Airflow Pro-Tip: Scheduler will run your job one schedule_interval AFTER the start date

Airflow’s Scheduler is a common source of confusion. If you’re new to Airflow and find yourself wondering, “Why is my DAG always 1 run behind?” - that’s actually expected behavior.

Airflow Documentation

Here’s a blip from Airflow’s documentation on scheduling -

Note that if you run a DAG on a schedule_interval of one day, the run stamped
2016-01-01 will trigger soon after 2016-01-01T23:59. In other words, the job
instance is started once the period it covers has ended.

Let's Repeat That: The scheduler runs your job one schedule_interval AFTER
the start date, at the END of the period.

Let’s say you want your DAG to run daily at 23:00 UTC.

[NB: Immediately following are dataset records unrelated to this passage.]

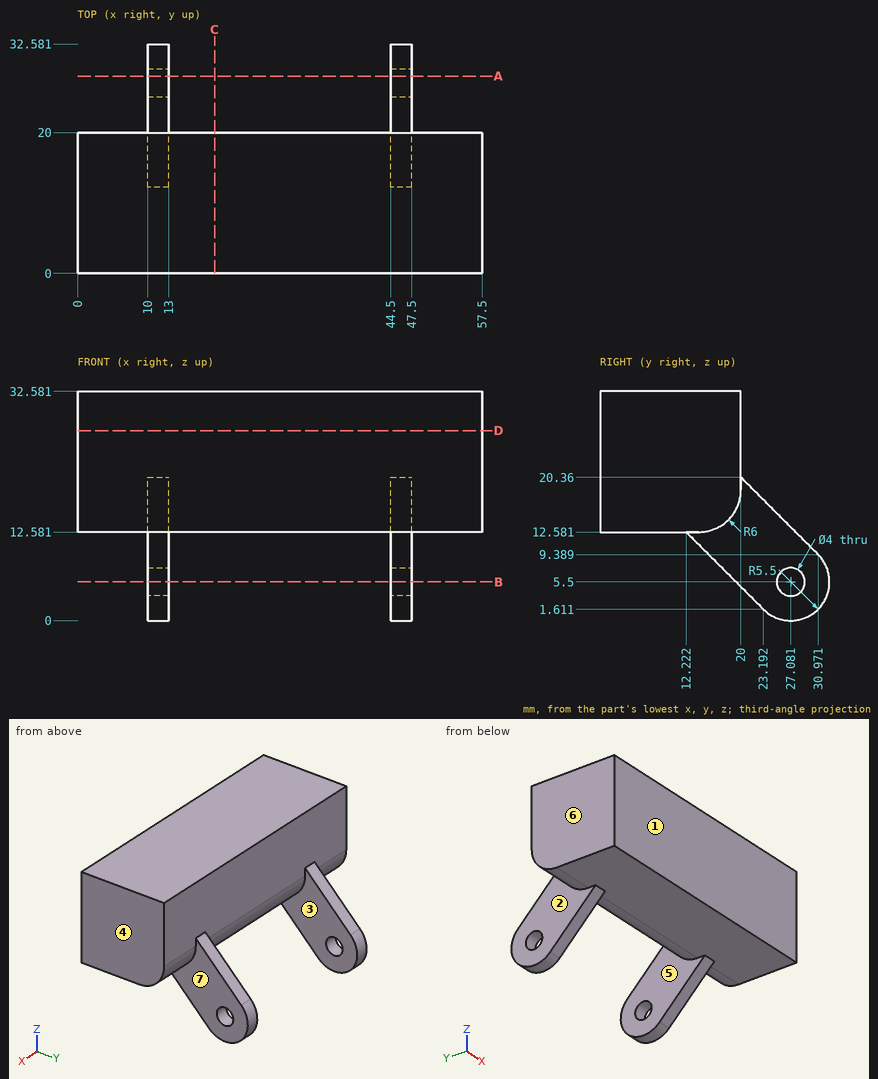
Here's the drawing with two shaded views (mm, measured from the low corner). I have some questions. A direction names the side the tool comes from. Give positions to 0.01 mm unless a question says otherwise; leave off trailing zeros. Order: outer loops, then holes, each group sorted by start corner. A loop starts at its lowest first (then second) coordinate and runs counter-clockwise, first axis right, second up.
Q1. For the marked faces 5, 6 and 7, which set-ups out of +Z, -Z, +X, -X, +Y, -Y let a thin tool reach every point of the face, with its end or its side?
Q2. Suppose I cut it at B-B, the plane z = 5.5. Write out the boundary of the cut face in (x, y).
Q3. Suppose I cut it at C-C, the plane x = 19.5. Write out the boundary of the cut face in (y, z).
Q4. We'd pull the mould along X, two halves only. Please class the marked faces 1, 2, 3 and 4: +X half, -X half, draft (parallel to the pull), parting line (faces both ways), or undercut.
Q5. I'm going to push flat-ended pins straight in: P1, Ø4.5, axis at y = 27.08, z = 5.5, coming from the +X side; P2, Ø1.5, axis at x = 41, y = 17.5, coming from the -Z side; P3, Ø12, axis at x = 25, z = 23, coming from the +Y side. Where does each tip first touch, or does it pass through?
Q6. If I drill on line 1 along X through (y, z) = (14.5, 12.5); line 2 along Z through (x, y) = (2, 8); line 3 along Y through (x, z) = (10.8, 5.5) (1 decimal), over which ranges is the centre line in solid material (lowest first)?
Q7. Suppose I cut it at D-D, the plane z = 27. Write out the boundary of the cut face in (x, y).
Q8. Suppose I cut it at A-A, the plane y = 28. Write out the boundary of the cut face in (x, z).
Solution:
1. face 5: -Z, +Y
1. face 6: +Z, -Z, -X, +Y, -Y
1. face 7: -Z, +X, +Y
2. outline: (10, 19.3) - (13, 19.3) - (13, 25.08) - (10, 25.08) - close; (10, 29.08) - (13, 29.08) - (13, 32.58) - (10, 32.58) - close; (44.5, 19.3) - (47.5, 19.3) - (47.5, 25.08) - (44.5, 25.08) - close; (44.5, 29.08) - (47.5, 29.08) - (47.5, 32.58) - (44.5, 32.58) - close
3. outline: (0, 12.58) - (14, 12.58) arc R6 ccw to (20, 18.58) - (20, 32.58) - (0, 32.58) - close
4. face 1: draft
4. face 2: -X half
4. face 3: undercut
4. face 4: +X half
5. P1: stops at x = 47.5
5. P2: stops at z = 13.25
5. P3: stops at y = 20
6. line 1: x = 10 to 13, 44.5 to 47.5
6. line 2: z = 12.58 to 32.58
6. line 3: y = 19.3 to 25.1, 29.1 to 32.6
7. outline: (0, 0) - (57.5, 0) - (57.5, 20) - (0, 20) - close
8. outline: (10, 0.08) - (13, 0.08) - (13, 3.72) - (10, 3.72) - close; (10, 7.28) - (13, 7.28) - (13, 12.36) - (10, 12.36) - close; (44.5, 0.08) - (47.5, 0.08) - (47.5, 3.72) - (44.5, 3.72) - close; (44.5, 7.28) - (47.5, 7.28) - (47.5, 12.36) - (44.5, 12.36) - close
```python
from build123d import *

# Parameters (mm, degrees)
SKETCH1_R           = 12.7
SKETCH1_R_2         = 3.175
BOSS_EXTRUDE1_DEPTH = 10
SKETCH1_3_R         = 12.7
SKETCH1_3_R_2       = 6.35
BOSS_EXTRUDE2_DEPTH = 2.5
SKETCH2_R           = 12.7
BOSS_EXTRUDE3_DEPTH = 10
SKETCH3_R           = 5
CUT_EXTRUDE3_DEPTH  = 10
CUT_EXTRUDE4_START  = -1.45
SKETCH4_R           = 10
CUT_EXTRUDE4_DEPTH  = 5
CUT_EXTRUDE5_DEPTH  = 2
SKETCH7_R           = 10
CUT_EXTRUDE7_DEPTH  = 6.45
BOSS_EXTRUDE4_START = 6.45
SKETCH8_R           = 10
SKETCH8_R_2         = 9.5625
BOSS_EXTRUDE4_DEPTH = 6.45
BOSS_EXTRUDE5_START = -8
BOSS_EXTRUDE5_DEPTH = 8
FILLET1_R           = 2.5


with BuildPart() as part:
    # Sketch1 → Boss-Extrude1 (new body)
    with BuildSketch(Plane(origin=(0, 0, 0), x_dir=(1, 0, 0), z_dir=(0, 1, 0))):
        with BuildLine():
            Line((-41.199040767, 52.757793765), (38.800959233, 52.757793765))
            ThreePointArc((38.800959233, 52.757793765), (45.872027044, 49.828861577), (48.800959233, 42.757793765))
            Line((48.800959233, 42.757793765), (48.800959233, -37.242206235))
            ThreePointArc((48.800959233, -37.242206235), (45.872027044, -44.313274047), (38.800959233, -47.242206235))
            Line((38.800959233, -47.242206235), (-41.199040767, -47.242206235))
            ThreePointArc((-41.199040767, -47.242206235), (-48.270108579, -44.313274047), (-51.199040767, -37.242206235))
            Line((-51.199040767, -37.242206235), (-51.199040767, 42.757793765))
            ThreePointArc((-51.199040767, 42.757793765), (-48.270108579, 49.828861577), (-41.199040767, 52.757793765))
        make_face()
        with Locations(Location((0, 0, 0), (0, 0, 270))):
            Circle(SKETCH1_R, mode=Mode.SUBTRACT)
        with Locations(Location((-41.199040767, 42.757793765, 0), (0, 0, 270))):
            Circle(SKETCH1_R_2, mode=Mode.SUBTRACT)
        with Locations(Location((38.800959233, 42.757793765, 0), (0, 0, 270))):
            Circle(SKETCH1_R_2, mode=Mode.SUBTRACT)
        with Locations(Location((38.800959233, -37.242206235, 0), (0, 0, 270))):
            Circle(SKETCH1_R_2, mode=Mode.SUBTRACT)
        with Locations(Location((-41.199040767, -37.242206235, 0), (0, 0, 270))):
            Circle(SKETCH1_R_2, mode=Mode.SUBTRACT)
    extrude(amount=BOSS_EXTRUDE1_DEPTH)

    # Sketch1<3> → Boss-Extrude2 (add)
    with BuildSketch(Plane(origin=(0, 0, 0), x_dir=(1, 0, 0), z_dir=(0, 1, 0))):
        with Locations(Location((0, 0, 0), (0, 0, 270))):
            Circle(SKETCH1_3_R)
        with Locations(Location((0, 0, 0), (0, 0, 270))):
            Circle(SKETCH1_3_R_2, mode=Mode.SUBTRACT)
    extrude(amount=BOSS_EXTRUDE2_DEPTH)

    # Sketch2 → Boss-Extrude3 (add, through all)
    with BuildSketch(Plane(origin=(0, 10, 0), x_dir=(1, 0, 0), z_dir=(0, 1, 0))):
        Circle(SKETCH2_R)
    extrude(amount=-BOSS_EXTRUDE3_DEPTH)

    # Sketch3 → Cut-Extrude3 (cut)
    with BuildSketch(Plane(origin=(0, 10, 0), x_dir=(1, 0, 0), z_dir=(0, 1, 0))):
        with Locations(Location((-1.199040767, 2.757793765, 0), (0, 0, 270))):
            Circle(SKETCH3_R)
    extrude(amount=-CUT_EXTRUDE3_DEPTH, mode=Mode.SUBTRACT)

    # Sketch4 → Cut-Extrude4 (cut)
    with BuildSketch(Plane(origin=(0, 10, 0), x_dir=(1, 0, 0), z_dir=(0, 1, 0)).offset(CUT_EXTRUDE4_START)):
        with Locations(Location((-1.199040767, 2.757793765, 0), (0, 0, 270))):
            Circle(SKETCH4_R)
    extrude(amount=-CUT_EXTRUDE4_DEPTH, mode=Mode.SUBTRACT)

    # Sketch6 → Cut-Extrude5 (cut)
    with BuildSketch(Plane.XZ):
        with BuildLine():
            Line((48.800959233, -42.757793765), (48.800959233, 37.242206235))
            ThreePointArc((48.800959233, 37.242206235), (45.872027044, 44.313274047), (38.800959233, 47.242206235))
            Line((38.800959233, 47.242206235), (-41.199040767, 47.242206235))
            ThreePointArc((-41.199040767, 47.242206235), (-48.270108579, 44.313274047), (-51.199040767, 37.242206235))
            Line((-51.199040767, 37.242206235), (-51.199040767, -42.757793765))
            ThreePointArc((-51.199040767, -42.757793765), (-48.270108579, -49.828861577), (-41.199040767, -52.757793765))
            Line((-41.199040767, -52.757793765), (38.800959233, -52.757793765))
            ThreePointArc((38.800959233, -52.757793765), (45.872027044, -49.828861577), (48.800959233, -42.757793765))
        make_face()
    extrude(amount=-CUT_EXTRUDE5_DEPTH, mode=Mode.SUBTRACT)

    # Sketch7 → Cut-Extrude7 (cut)
    with BuildSketch(Plane(origin=(0, 10, 0), x_dir=(1, 0, 0), z_dir=(0, 1, 0))):
        with Locations(Location((-1.199040767, 2.757793765, 0), (0, 0, 270))):
            Circle(SKETCH7_R)
    extrude(amount=-CUT_EXTRUDE7_DEPTH, mode=Mode.SUBTRACT)

    # Sketch8 → Boss-Extrude4 (add)
    with BuildSketch(Plane(origin=(0, 3.55, 0), x_dir=(1, 0, 0), z_dir=(0, 1, 0)).offset(BOSS_EXTRUDE4_START)):
        with Locations((-1.199040767, 2.757793765)):
            Circle(SKETCH8_R)
        with Locations(Location((-1.199040767, 2.757793765, 0), (0, 0, 270))):
            Circle(SKETCH8_R_2, mode=Mode.SUBTRACT)
    extrude(amount=-BOSS_EXTRUDE4_DEPTH)

    # Sketch9 → Boss-Extrude5 (add)
    with BuildSketch(Plane(origin=(0, 10, 0), x_dir=(1, 0, 0), z_dir=(0, 1, 0)).offset(BOSS_EXTRUDE5_START)):
        with BuildLine():
            Line((-51.199040767, 42.757793765), (-51.199040767, 52.757793765))
            Line((-51.199040767, 52.757793765), (-41.199040767, 52.757793765))
            ThreePointArc((-41.199040767, 52.757793765), (-48.270108579, 49.828861577), (-51.199040767, 42.757793765))
        make_face()
        with BuildLine():
            Line((38.800959233, 52.757793765), (48.800959233, 52.757793765))
            Line((48.800959233, 52.757793765), (48.800959233, 42.757793765))
            ThreePointArc((48.800959233, 42.757793765), (45.872027044, 49.828861577), (38.800959233, 52.757793765))
        make_face()
        with BuildLine():
            Line((-51.199040767, -37.242206235), (-51.199040767, -47.242206235))
            Line((-51.199040767, -47.242206235), (-41.199040767, -47.242206235))
            ThreePointArc((-41.199040767, -47.242206235), (-48.270108579, -44.313274047), (-51.199040767, -37.242206235))
        make_face()
        with BuildLine():
            Line((48.800959233, -37.242206235), (48.800959233, -47.242206235))
            Line((48.800959233, -47.242206235), (38.800959233, -47.242206235))
            ThreePointArc((38.800959233, -47.242206235), (45.872027044, -44.313274047), (48.800959233, -37.242206235))
        make_face()
    extrude(amount=BOSS_EXTRUDE5_DEPTH)

    # Fillet1
    fillet1_edges = [part.edges().sort_by_distance(p)[0] for p in [
        (-51.199040767, 6, -52.757793765),
        (48.800959233, 6, -52.757793765),
        (48.800959233, 6, 47.242206235),
        (-51.199040767, 6, 47.242206235),
    ]]
    fillet(fillet1_edges, radius=FILLET1_R)


solid = part.part
```
Could you check a few things on this model? Use its own coordinates, in mm. A direction names the side the tool comes from. Give positions to 0.01 mm unless a question says otherwise; leave off trailing zeros. Write each loop counter-clockwise with the first axis right and the second up, starting at its lowest first coordinate (ties: lowest second). Pieces come first, ordered by that corner, then holes. Notation, with made-up numbers: (-4.5, -19.75) - (13.5, -19.75) arc R8 ccw to (13.5, -8.75) - close; hole circle Ø8 at (4.25, 66). An arc over 180 degrees is marked (long way). One line per item, written item: value. Start each with the question number.
Item 1: I'm going to push flat-ended pins straight in: pin 1 (22 mm diameter, centred on x = -1.2, z = -2.76, fed in from +Y); pin 2 (5.5 mm diameter, centred on x = 38.8, z = -42.76, fed in from -Y). Where does each tip first touch, or does it pass through?
Item 2: Which directions (+Z, -Z, +X, -X, +Y, -Y) give clear straight access to the entire face, cutting with the end or side of a thin tool? Please do faces 4 (the face through (-5, 3.55, 1)), 5 (the face through (-44.016, 5.944, 38.707)).
Item 3: Imagine slicing it at A-A, the plane z = -0.5. List the corners of the cut face in (x, y) for me.
Item 4: Please list where these lines run through material, in increasing order: line 1 (Z direction, x = -41.5, y = 4.75); line 2 (Z direction, x = 37, y = 3); line 3 (X direction, y = 9.5, z = -4). Write a range as from..to.
Item 5: If we mould it in two halves opening along Z, with no side actions, what happens to faces 1 (the face through (-50.486, 6.056, -52.006)), 2 (the face through (-4.241, 2.786, -6.726)), 3 (the face through (-1, 6, 47.242))? For each: +Z half, -Z half, draft (parallel to the pull), parting line (faces both ways), or undercut.
Item 6: Imagine slicing it at B-B, the plane y = 8.5. Give the number of separate pieces and of enclosed holes in the cut face, and give its area (3 significant figures).
Geometry says:
1. pin 1: y = 10
1. pin 2: through
2. face 4: +Y
2. face 5: +Y, -Y
3. outline: (-51.2, 2) - (-5.66, 2) - (-5.66, 3.55) - (-10.49, 3.55) - (-10.49, 10) - (-51.2, 10) - close; (3.26, 2) - (48.8, 2) - (48.8, 10) - (8.09, 10) - (8.09, 3.55) - (3.26, 3.55) - close
4. line 1: -52.76..-45.92, -39.6..34.08, 40.4..47.24
4. line 2: -52.76..-45.37, -40.14..34.63, 39.86..47.24
4. line 3: -51.2..-10.68, 8.28..48.8
5. face 1: -Z half
5. face 2: undercut
5. face 3: +Z half
6. separate pieces: 1
6. enclosed holes: 5
6. area: 9,580 mm^2

  • Your schedule would be: 0 23 * * * (check out crontab.guru for help decoding schedules)
  • Today is 7-29 at 23:30 UTC, but the latest run you see is 7-28 at 23:00, not 7-29

That’s expected. Your 7-27 run will actually run on 7-28 (yesterday) at 23:00. The run for data from 7-28 will actually run today (7-29) at 23:00 and be listed as such, and so on and so forth.

Why?

The reasoning here is that if you want a daily job to run on that 11pm slot, Airflow can’t ensure that all the data will be there until 11pm the next day, a full cycle later. In other words, you seeing the latest run be “1 cycle behind” is intentional on Airflow’s part.

Can I trigger a run at the literal time?

It’s a bit of an anti-pattern, but if you do want to adjust that timing you should be able to use the {{ prev_execution_date }} variables to make sure you’re pulling at the literal time (e.g. 11pm at 11pm that day). https://airflow.apache.org/code.html#default-variables

Of course, you can always manually trigger a single DAG run by hitting the “Play” button in the Airflow UI. That’ll force your DAG to kick off immediately.